The Secretary of State is the state government office responsible for business entity filings in the United States. Secretary of State records are the authoritative source for legal entity existence and registration status—the foundation of entity verification.
What Secretary of State Offices Maintain
Entity Filings
- Corporations: Articles of incorporation, amendments, annual reports
- LLCs: Articles of organization, operating agreements (in some states)
- Partnerships: Limited partnership and LLP registrations
- Foreign qualifications: Out-of-state entities registering to do business
Key Data Points
Each filing typically includes:
- Legal entity name
- Entity type (corporation, LLC, etc.)
- Date of formation
- State of formation (domestic) or state of origin (foreign)
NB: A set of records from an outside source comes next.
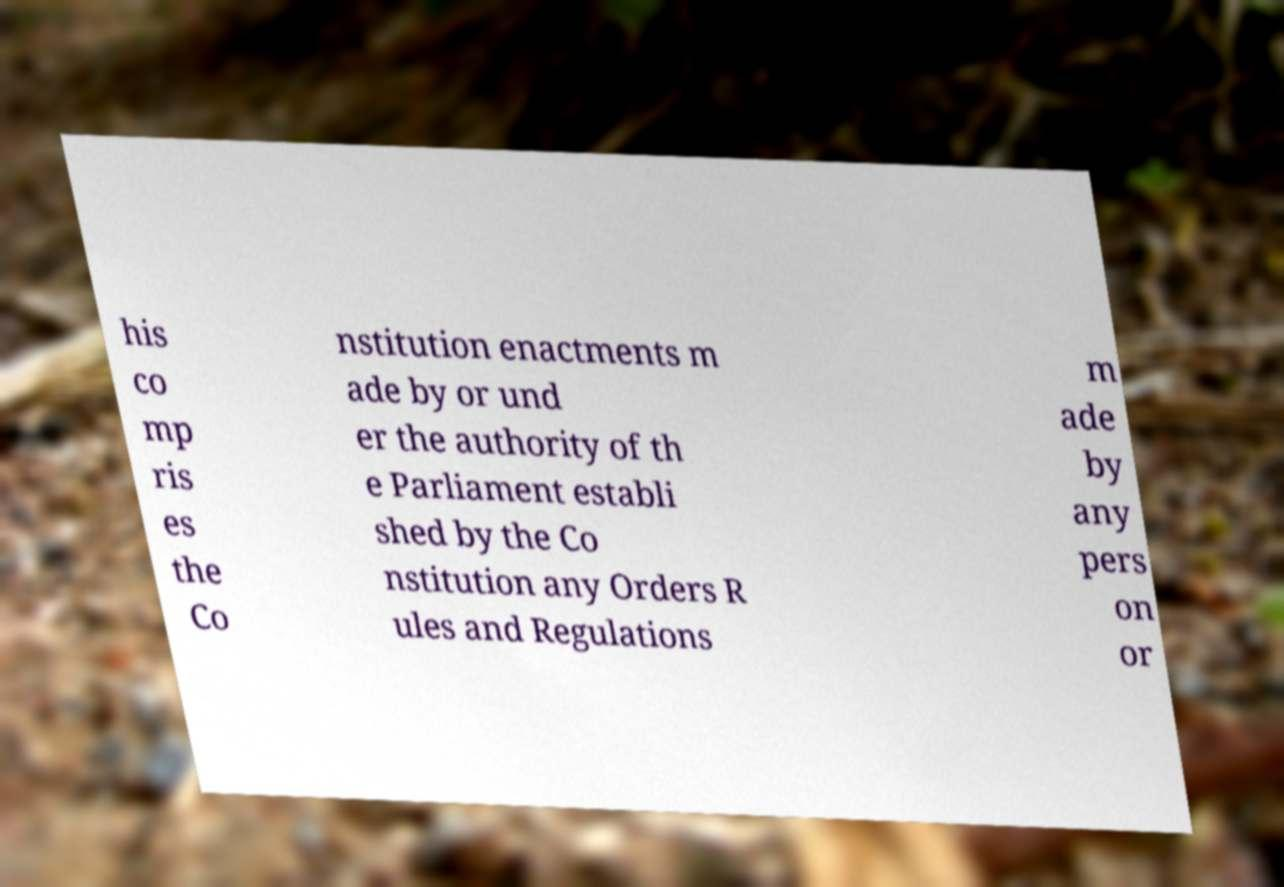Could you extract and type out the text from this image? his co mp ris es the Co nstitution enactments m ade by or und er the authority of th e Parliament establi shed by the Co nstitution any Orders R ules and Regulations m ade by any pers on or 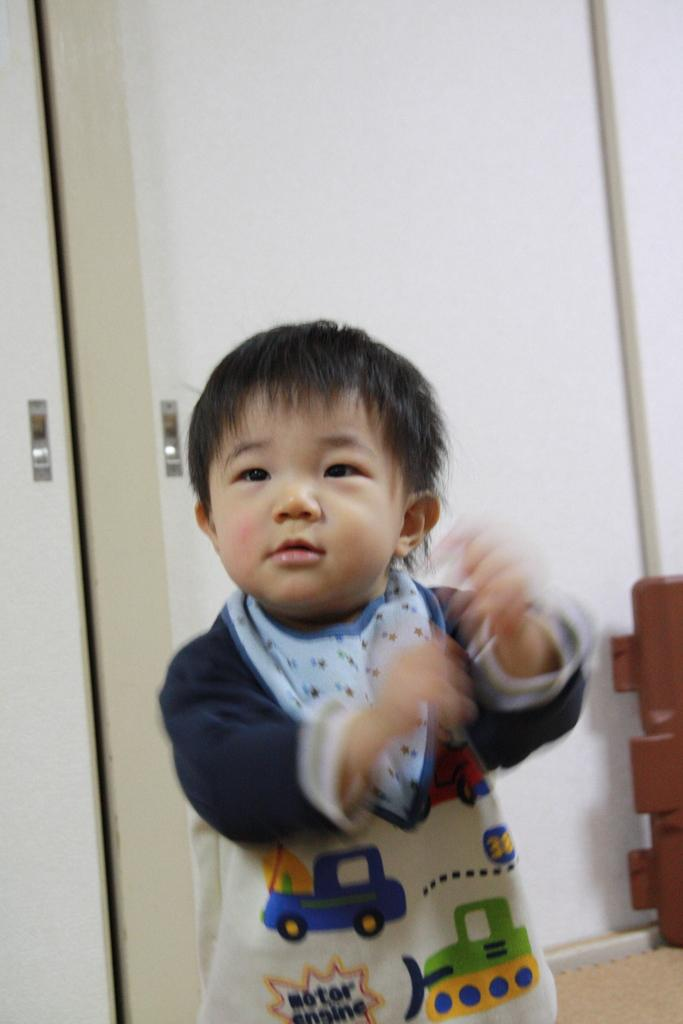What is the main subject in the foreground of the image? There is a boy standing in the foreground of the image. What can be seen in the background of the image? There are doors and a wall in the background of the image. Can you describe the object in the background of the image? Unfortunately, the provided facts do not give enough information to describe the object in the background. How many quince are on the stage in the image? There is no stage or quince present in the image. What are the men in the image doing? There are no men present in the image; it features a boy in the foreground and an unspecified object in the background. 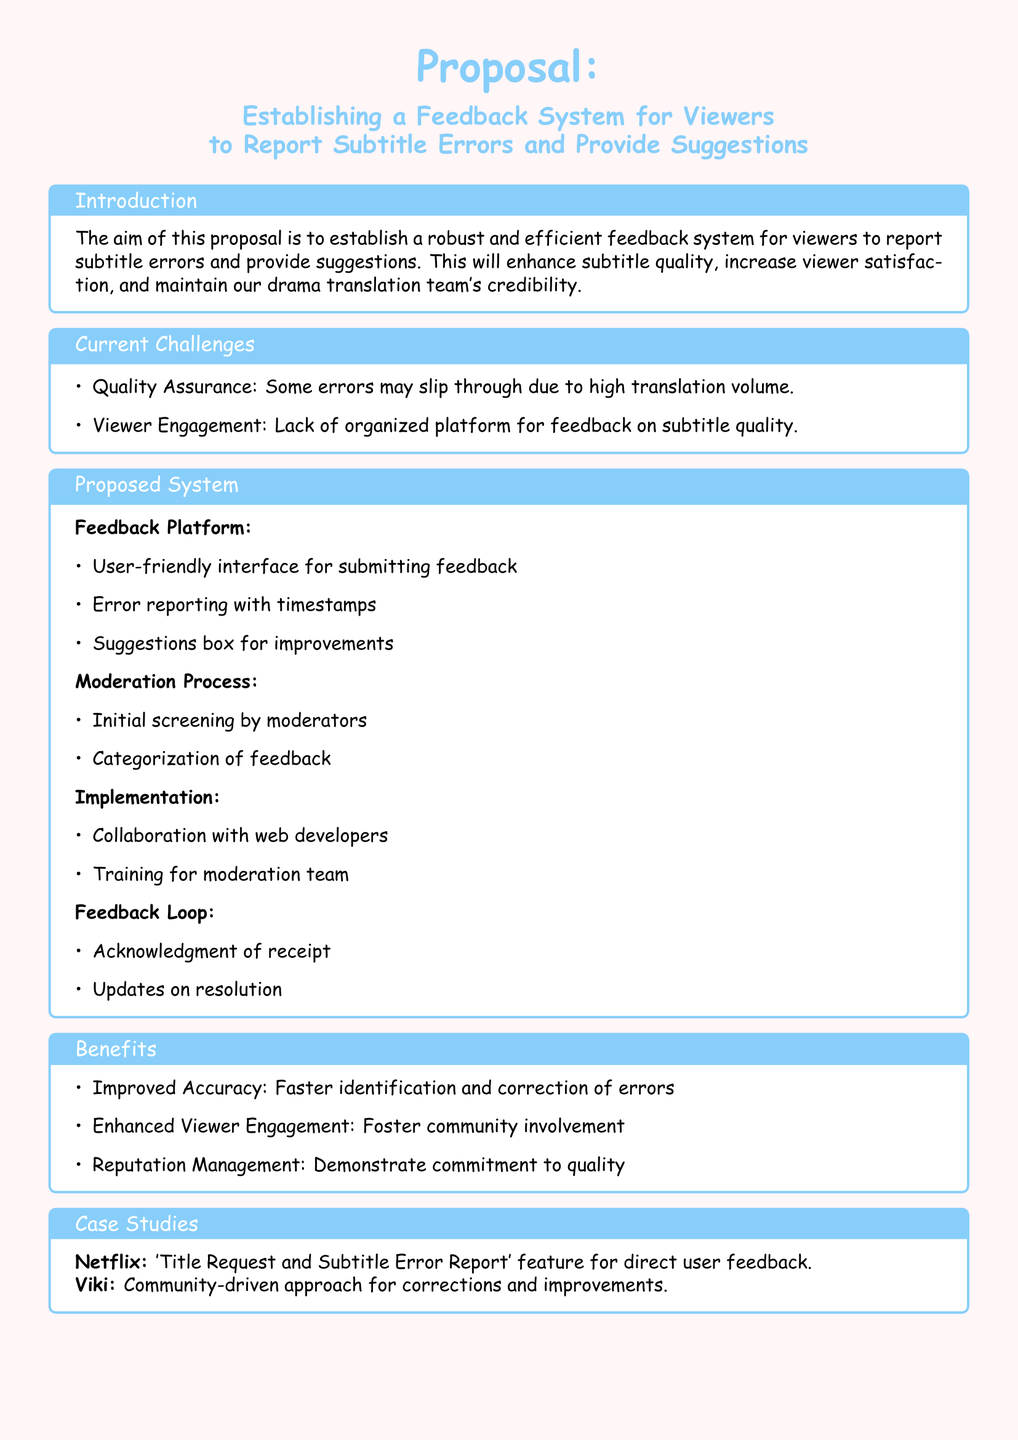What is the main focus of the proposal? The proposal focuses on establishing a feedback system for viewers to report subtitle errors and provide suggestions.
Answer: Establishing a feedback system for viewers What color is the page background? The document states the color of the page background is a light shade of pink.
Answer: Pink Name one current challenge mentioned in the proposal. The proposal lists "Quality Assurance" and "Viewer Engagement" as current challenges.
Answer: Quality Assurance What feature does the proposed feedback platform include? One of the features is a user-friendly interface for submitting feedback.
Answer: User-friendly interface Which company utilizes a subtitle error reporting feature? The proposal mentions that Netflix has a 'Title Request and Subtitle Error Report' feature for direct user feedback.
Answer: Netflix What is one benefit of implementing the feedback system? One benefit mentioned is "Improved Accuracy" due to faster identification and correction of errors.
Answer: Improved Accuracy Who will initially screen the feedback in the moderation process? The proposal states that moderators will perform the initial screening.
Answer: Moderators What does the feedback loop ensure? The feedback loop ensures acknowledgment of receipt and updates on resolution.
Answer: Acknowledgment of receipt 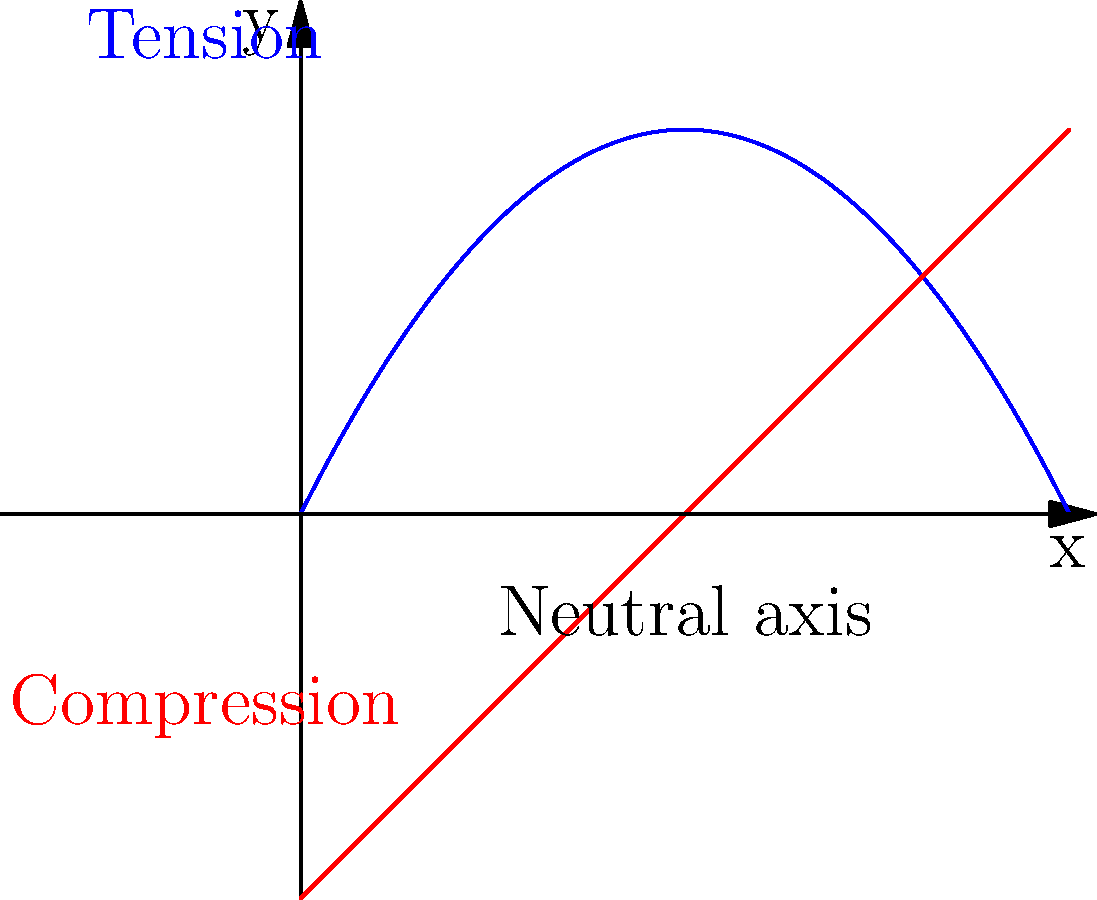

- Registered agent name and address
- Principal office address
- Officers and/or directors (varies by state)
- Filing history and status
- Active/Good Standing: Entity is current on filings and fees
- Inactive/Administratively Dissolved: Failed to file required reports
- Voluntarily Dissolved: Owners chose to end the entity
- Suspended: Usually for tax or compliance issues
- Merged: Absorbed into another entity
The 50-State Challenge
Each state maintains its own registry with its own:
- Data formats and fields
- Filing requirements
- Update frequencies
- Access methods (online, API, manual)
- Fee structures
This fragmentation makes comprehensive entity verification complex. A business operating nationally might have filings in dozens of states.
What SoS Data Shows—and Doesn't Show
Shows
- Entity legally exists (or existed)
- Registration status
- Official registered name
- Registered agent and address
- Officers/directors (most states)
- Filing history
Doesn't Show
- Operating status (a registered entity might not actually operate)
- Operating locations (registered address ≠ where business happens)
- Trade names (unless separately filed as DBAs)
- Actual ownership percentages
- Revenue, employees, or operational details
- Whether the business is legitimate
Registered Address Complexity
The address on file is typically the registered agent address—where legal documents can be served. This is often:
- A commercial registered agent service
- An attorney's office
- A corporate headquarters
It's frequently not where the business actually operates. A Delaware LLC might have a Wilmington registered agent address but operate entirely in California.
Using SoS Data for KYB
Verification
Secretary of State data confirms:
- The entity exists
- It's in good standing (or not)
- The legal name matches (or can be matched via entity resolution)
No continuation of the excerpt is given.